I know what everyone is going to say when I'm done. That's because I know what the intelligent person would say.
However, I think I must have a mental disorder of some sort, so even though I know the answer, I have a really hard time following through. Perhaps I'm a masochist, or something along those lines.
Anyway... to get to the point, I started a new job nearly a month ago. It's been really hard to find even a crappy job down here in Florida lately, so when I finished rennovating the house I was working on, and the people who bought it said, hey, why don't you work in our store til you can find something else, I thought it was a godsend.
Nearly a month later, I realize it's not so much. My hours are supposed to be along the lines of 5 hours a day. Regularly, I am left alone in the store for 7 or more hours, as they can't be bothered to show up when they say they will. To add insult to injury, last night, they came back in their bathing suits, apparently having spent the whole day at the pool, not bothering to remember they were supposed to come back so I could leave.
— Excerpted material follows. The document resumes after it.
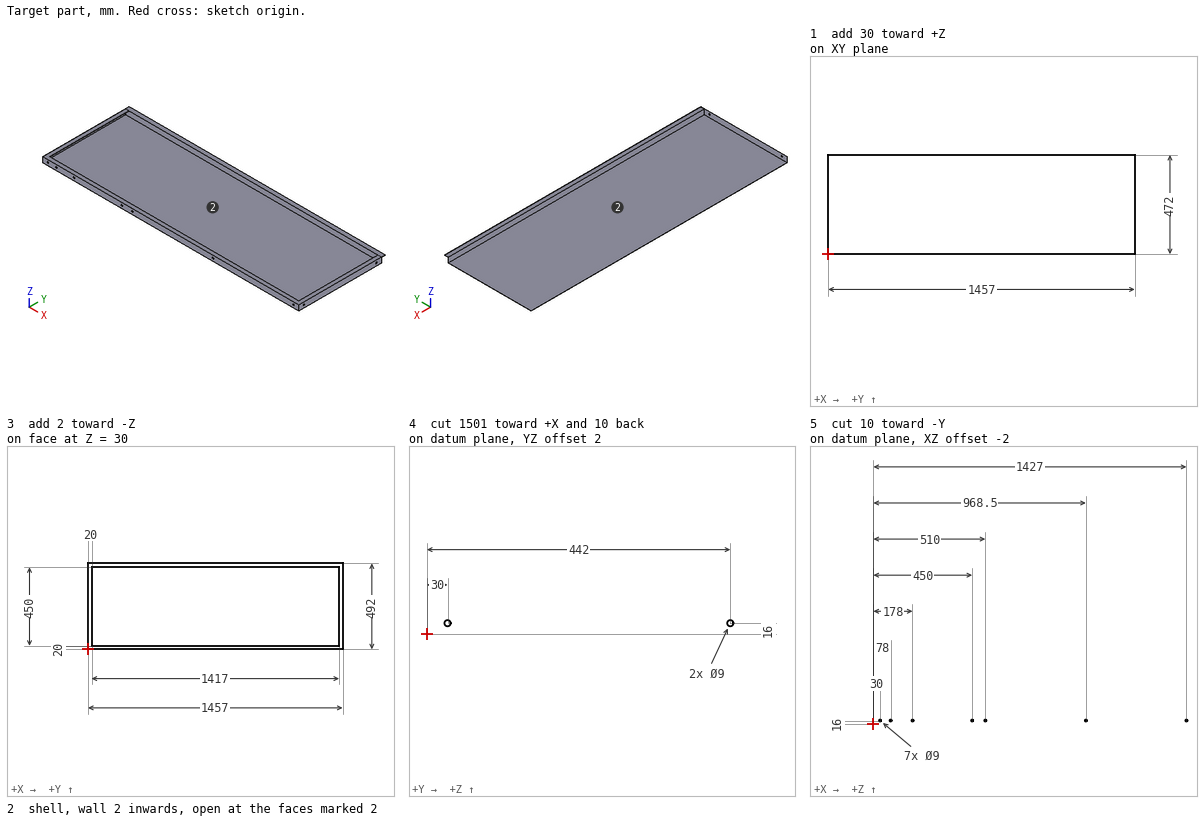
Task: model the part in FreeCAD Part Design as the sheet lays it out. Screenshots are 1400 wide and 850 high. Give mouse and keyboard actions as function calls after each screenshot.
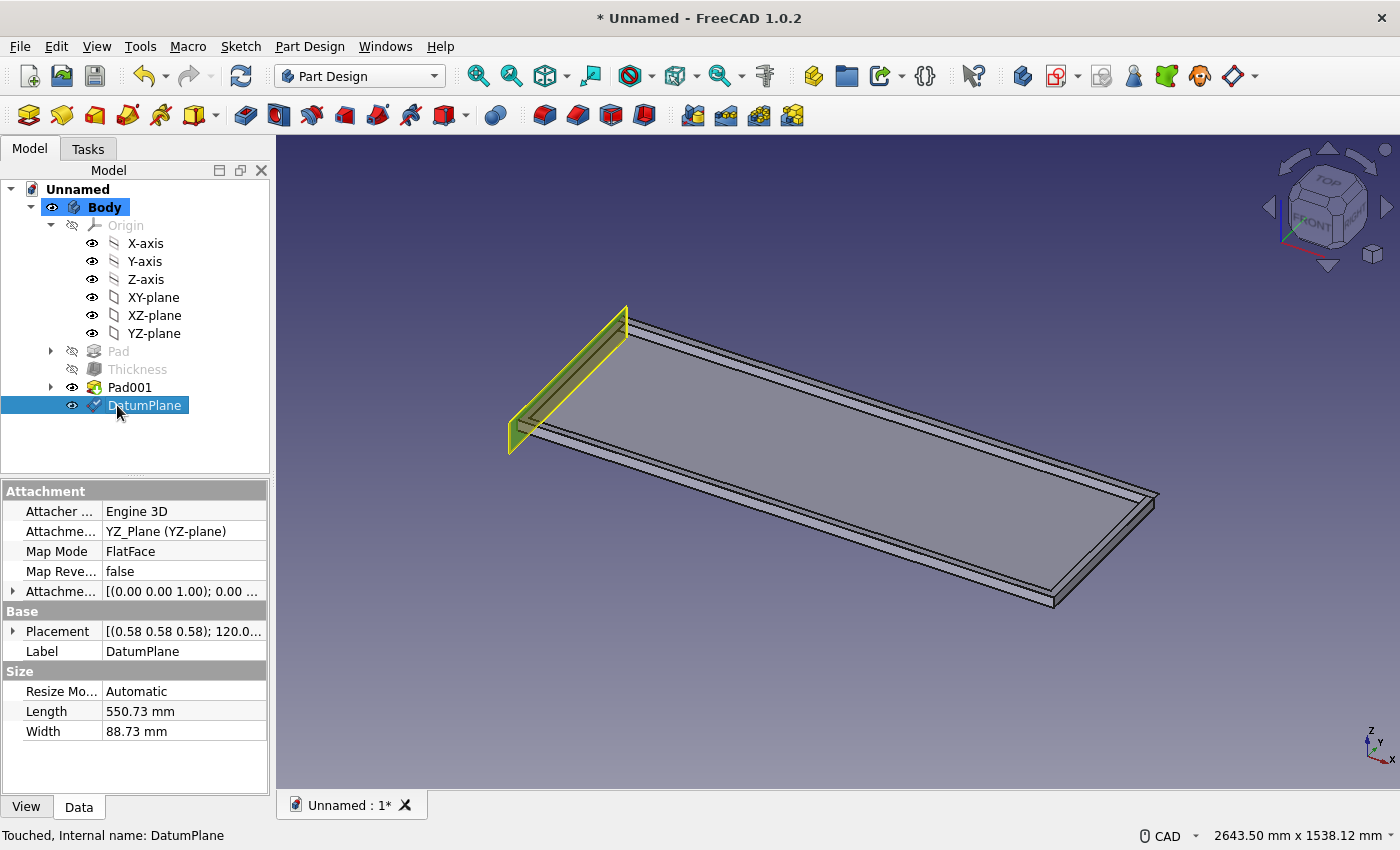
click(1056, 76)
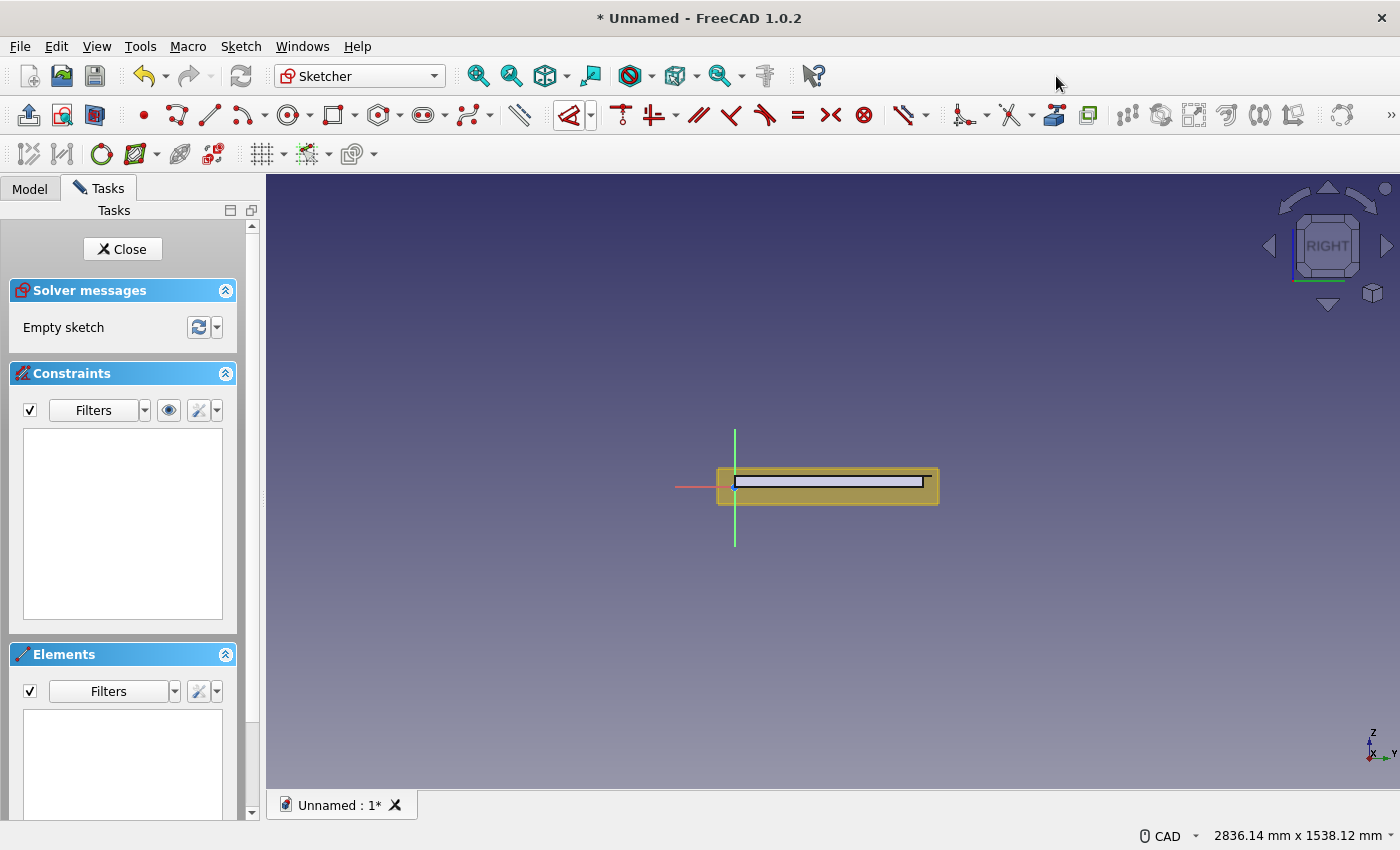
key(q)
key(s)

To make things worse, they've paid me $60 for the entire month of work thus far, and keep saying, "Ohhh, sorry bout this, we'll pay you this week, things are just tight, you know."
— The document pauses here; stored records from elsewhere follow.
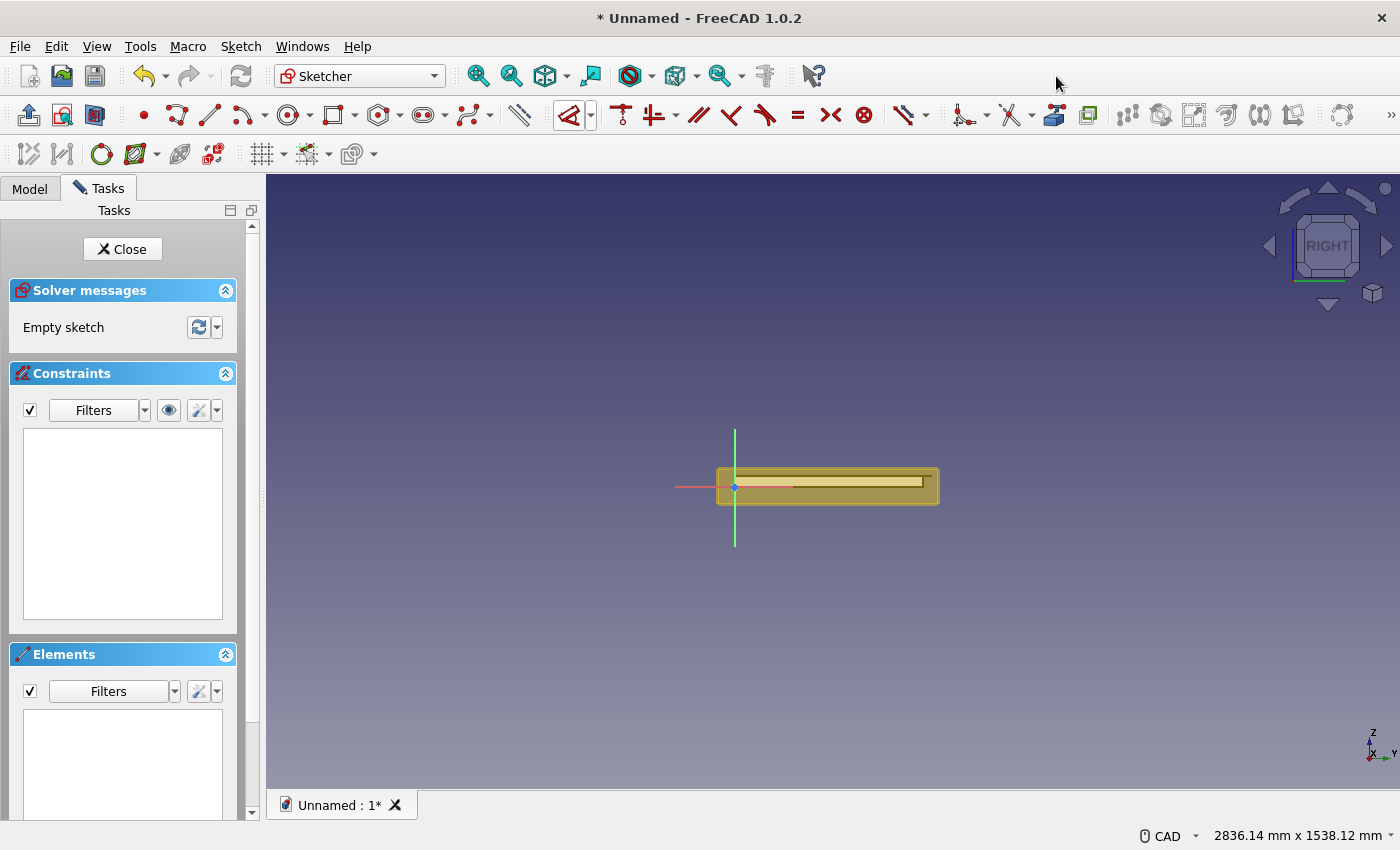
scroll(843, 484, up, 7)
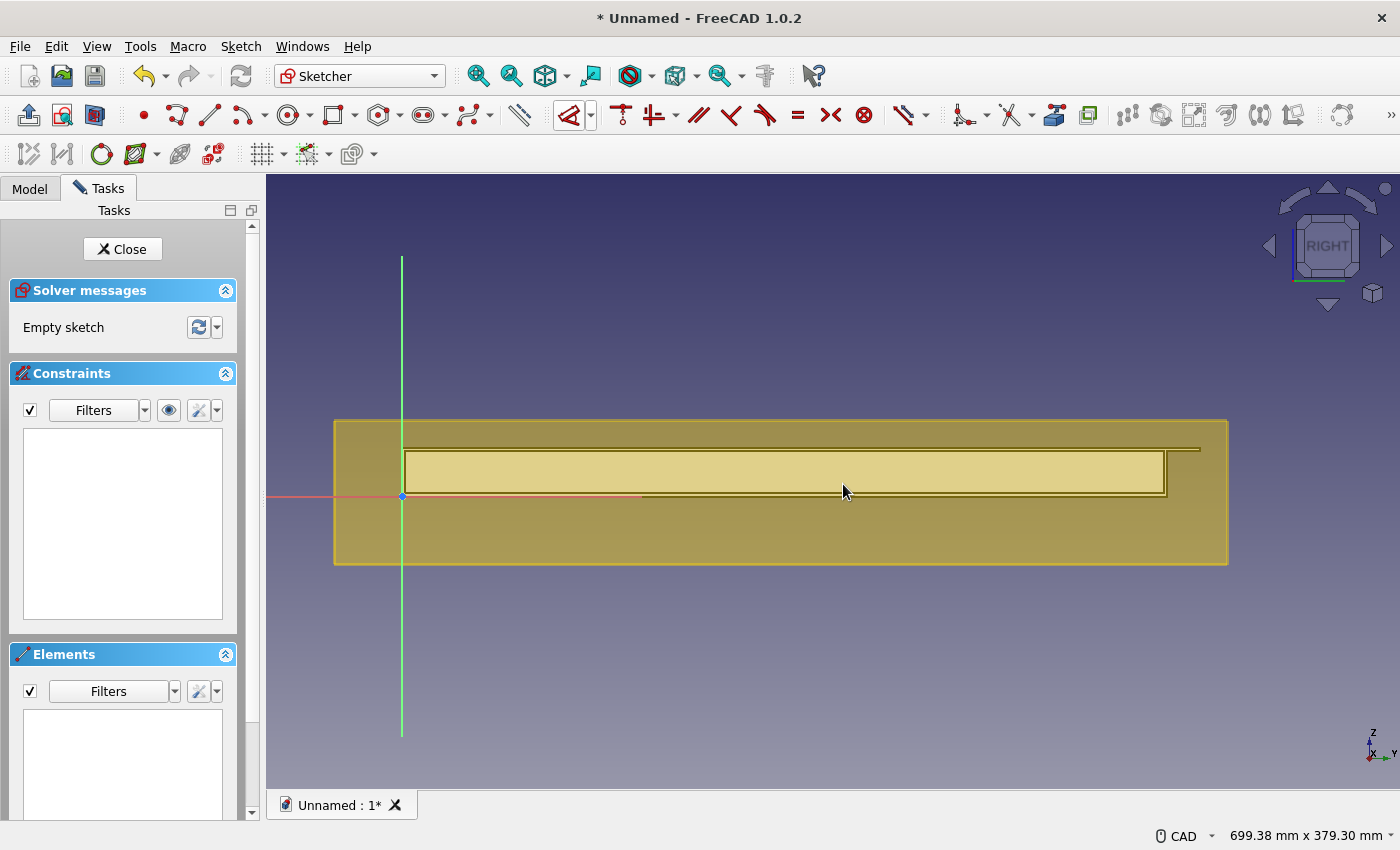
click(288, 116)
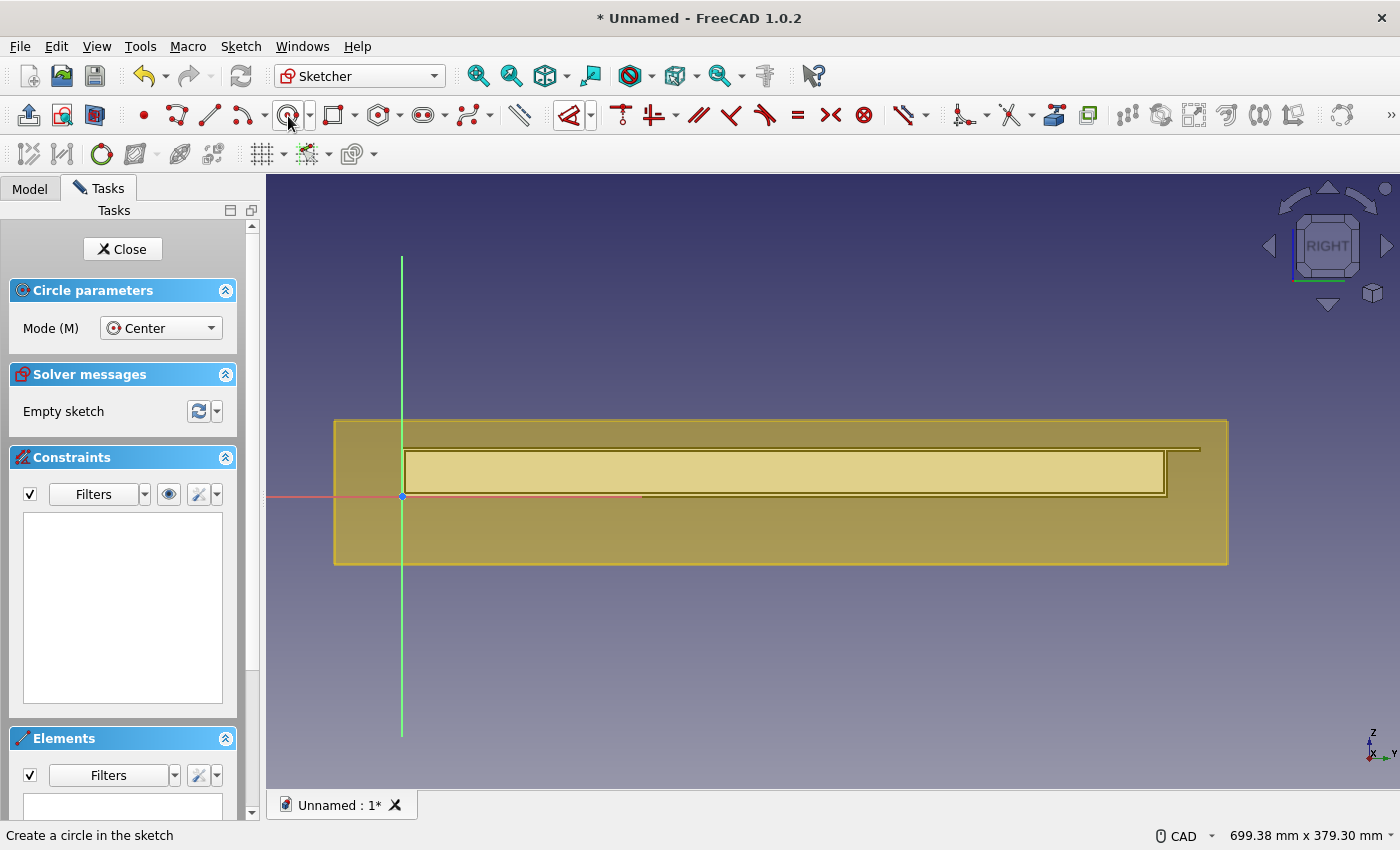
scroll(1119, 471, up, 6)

I know I should probably just quit, but I just feel like they're not really bad people, that they would pay if they had more money, etc, and I feel really bad when I think about quitting.
I really do think this is some sort of mental issue. I seem to attract users like a magnet. Even in relationships, I tend to get stuck with guys for whom I will break my back so that they're happy, only to realize that they can't be bothered to do anything but take me for granted unless I'm finally fed up enough to get angry at them, and then, they usually just are mean about it, hehe.
Sigh.
Sorry for ranting. It's been a rough week. Anyhoo, so, should I stay or should I go?